Small businesses have a huge concern for gathering enough capital for the smooth operations of their businesses. The initial phase of any business is crucial and for it to get going and gain that momentum in the market some quick business funding is required.
Financing options available for Small Businesses
- Unsecured Business Loans
- Secured Business Loans
- Invoice Discounting
- GST surrogate
- Loan Against Property
- Working Capital Loans
- Machinery Business Loans
- Overdraft Facility
- Revenue Financing
1. Unsecured Business Loans
An unsecured business loan is one where a lender gives you a loan without any security. Due to this lack of collateral, lenders will lend smaller loan amounts, at slightly higher interest rates, for short loan tenures because lenders take on considerable risk when lending without any collateral.
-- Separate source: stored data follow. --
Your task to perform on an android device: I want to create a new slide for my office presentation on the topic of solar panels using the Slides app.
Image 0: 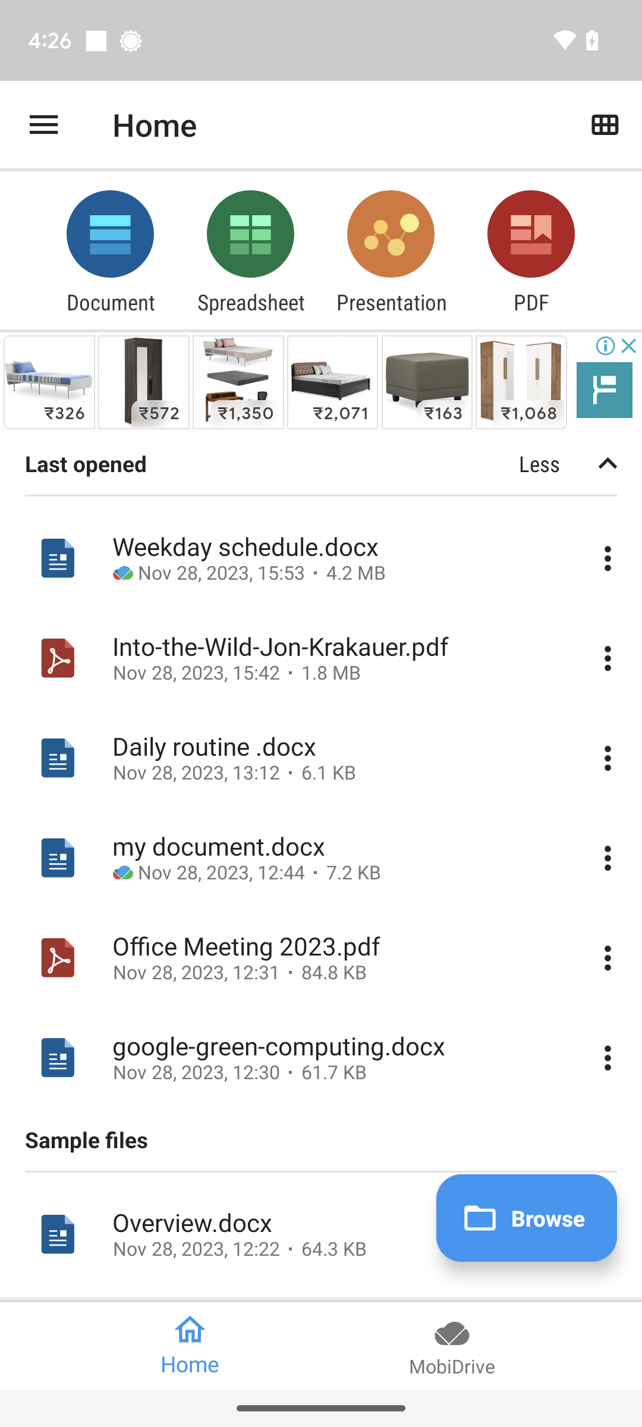
Open the Slides app.
Step 0: open app "Slides"
Image 1: 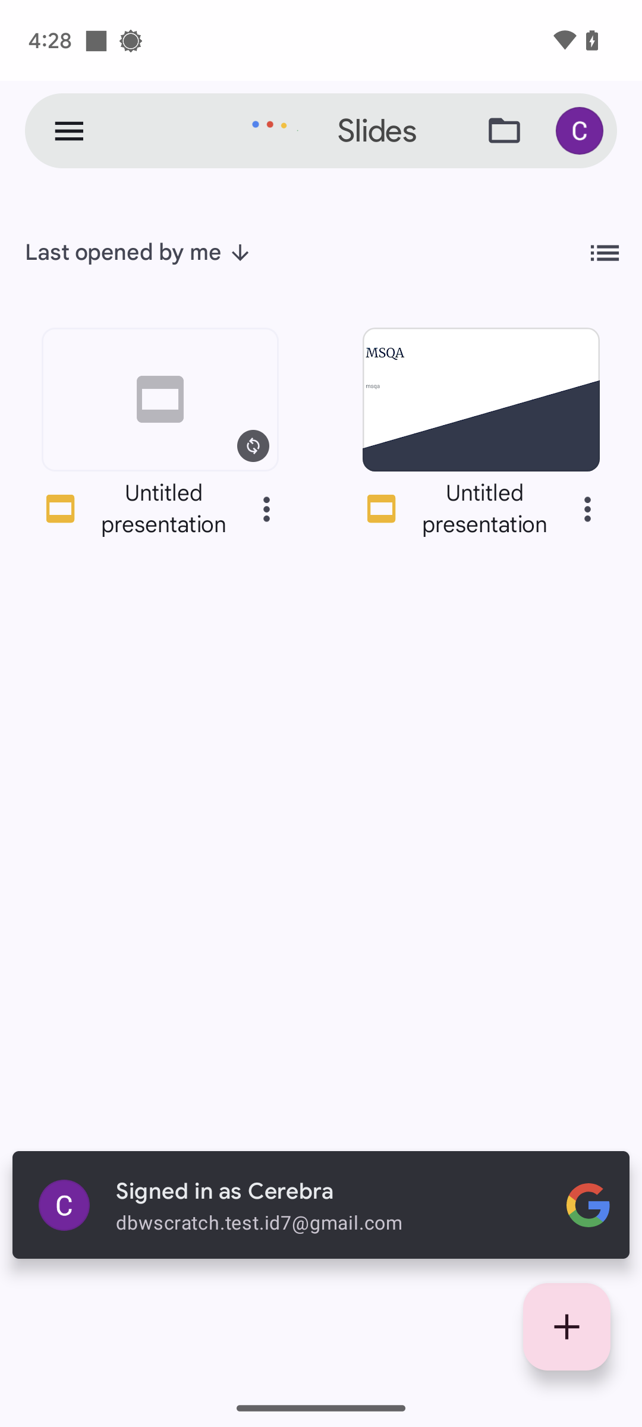
Click on the + icon at the bottom-right of the screen.
Step 1: click (567, 1327)
Image 2: 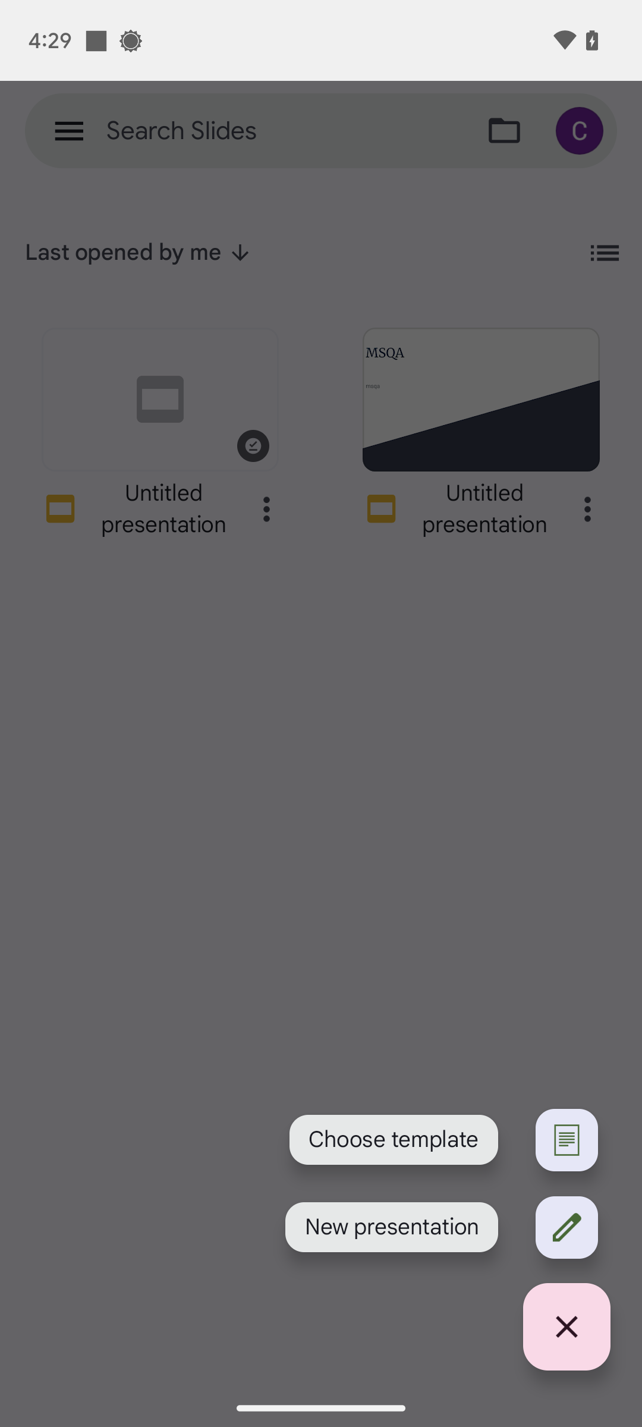
Click on New presentation.
Step 2: click (392, 1227)

This type of business loan is your best option when you don’t own any assets to offer the lender as collateral, you want to grow your credit history, or your business is in a growth phase, so you need cash fast. Since these loans do not require collateral, lenders do not need to spend time verifying the condition and ownership of the collateral provided. Therefore, unsecured business loans are easier and faster to get.
2. Secured Business Loans
Secured business loans can be understood as a funding instrument commonly sought after by small businesses. This type of loan is secured by a personal guarantee or by pledging assets/property as collateral. The collateral is seen as a way for borrowers to assure the lender that they will repay the loan over the tenure specified in the loan agreement. It also implicitly means that the lender has the right to take the collateral to custody in case they are unable to repay the loan.
Types of secured business loans
1. Secured by Collateral
This type of secured business loan includes any of the following to be pledged as collateral and must be owned by the business:
- A property mortgage is the most common form of secured business loan. The higher the value of the mortgaged property, the longer the repayment tenure.
- The government securities, fixed deposit certificates, and savings accounts.
- Gold and other precious metals.
2. Secured by Personal Guarantee
Secured loans are also provided based on the business owner’s guarantee. In this case, property, land, or gold owned by the proprietor or partner can be considered for a collateral purpose. The property can be pledged as limited or unlimited liability.
3. Invoice Discounting
Invoice discounting also called Bill Discounting is a way in which a company can borrow short term funds from banks or financial institutions based on their outstanding invoices. Invoice Discounting is a manner in which businesses can raise short-term funds to meet short-term liquidity needs. Invoice Discounting is an alternative to a business loan or an overdraft facility. Under Invoice Discounting, the company provides the unpaid bills to the banks or financial institutions and in return, receives funds up to 90% of the outstanding bill value. It helps keep cash inflow from customers constant and they can pay within their normal credit period.
How does Invoice Discounting work?
Invoice discounting is one of the most popular methods for arranging working capital for business. Under invoice discounting facility, the invoice raised for the customer is sold to the bank or financial institution at a discounted price. This implies that the money that the business would receive at the end of the credit period is collected instantly. Generally, all lenders offer this facility at a predetermined percentage of the invoice value, which varies anywhere between 75% – 90% and the rate at which the invoice discounting facility is available varies between 1.5% – 3.00%.
4. GST Surrogate
A GST Surrogate Business Loan is a product offering to MSME business owners to procure funding based on their GST record. If you are an MSME entrepreneur with at least 2 years of GST record, this loan would be the recommended choice for your business.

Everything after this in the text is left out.